>>>>
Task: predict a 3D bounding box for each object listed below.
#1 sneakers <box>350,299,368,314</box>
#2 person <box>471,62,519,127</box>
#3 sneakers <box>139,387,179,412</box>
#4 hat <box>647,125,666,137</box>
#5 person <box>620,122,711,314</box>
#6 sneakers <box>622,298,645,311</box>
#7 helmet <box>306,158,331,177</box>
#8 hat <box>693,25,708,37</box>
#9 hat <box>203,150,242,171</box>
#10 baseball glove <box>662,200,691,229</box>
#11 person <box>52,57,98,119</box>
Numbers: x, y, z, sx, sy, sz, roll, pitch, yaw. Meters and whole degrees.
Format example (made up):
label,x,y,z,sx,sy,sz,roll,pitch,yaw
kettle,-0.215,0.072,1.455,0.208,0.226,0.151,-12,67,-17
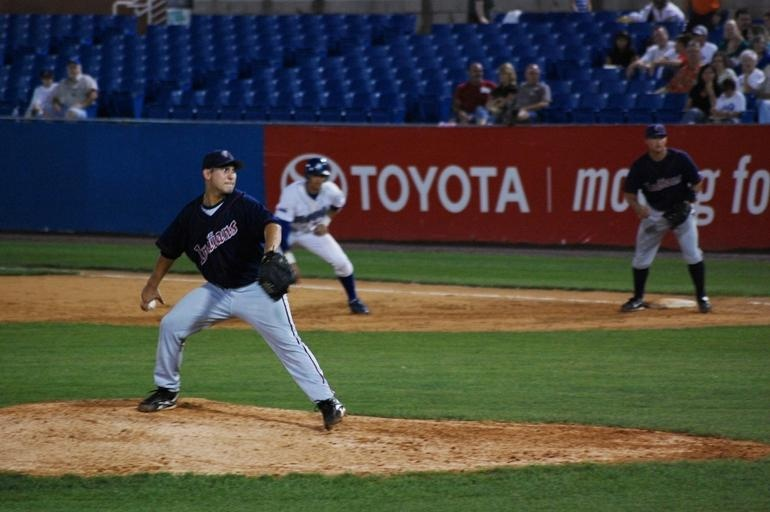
<<<<
▶ WORK TO BE COMPLETED
What you return must match, line for line, the records from the line containing "#6 sneakers <box>622,298,645,311</box>" through their end, with both ends included and no pictures.

▶ TASK OUTPUT
#6 sneakers <box>622,298,645,311</box>
#7 helmet <box>306,158,331,177</box>
#8 hat <box>693,25,708,37</box>
#9 hat <box>203,150,242,171</box>
#10 baseball glove <box>662,200,691,229</box>
#11 person <box>52,57,98,119</box>
Numbers: x, y, z, sx, sy, sz, roll, pitch, yaw. Meters and whole degrees.
Format example (made up):
label,x,y,z,sx,sy,sz,roll,pitch,yaw
kettle,-0.215,0.072,1.455,0.208,0.226,0.151,-12,67,-17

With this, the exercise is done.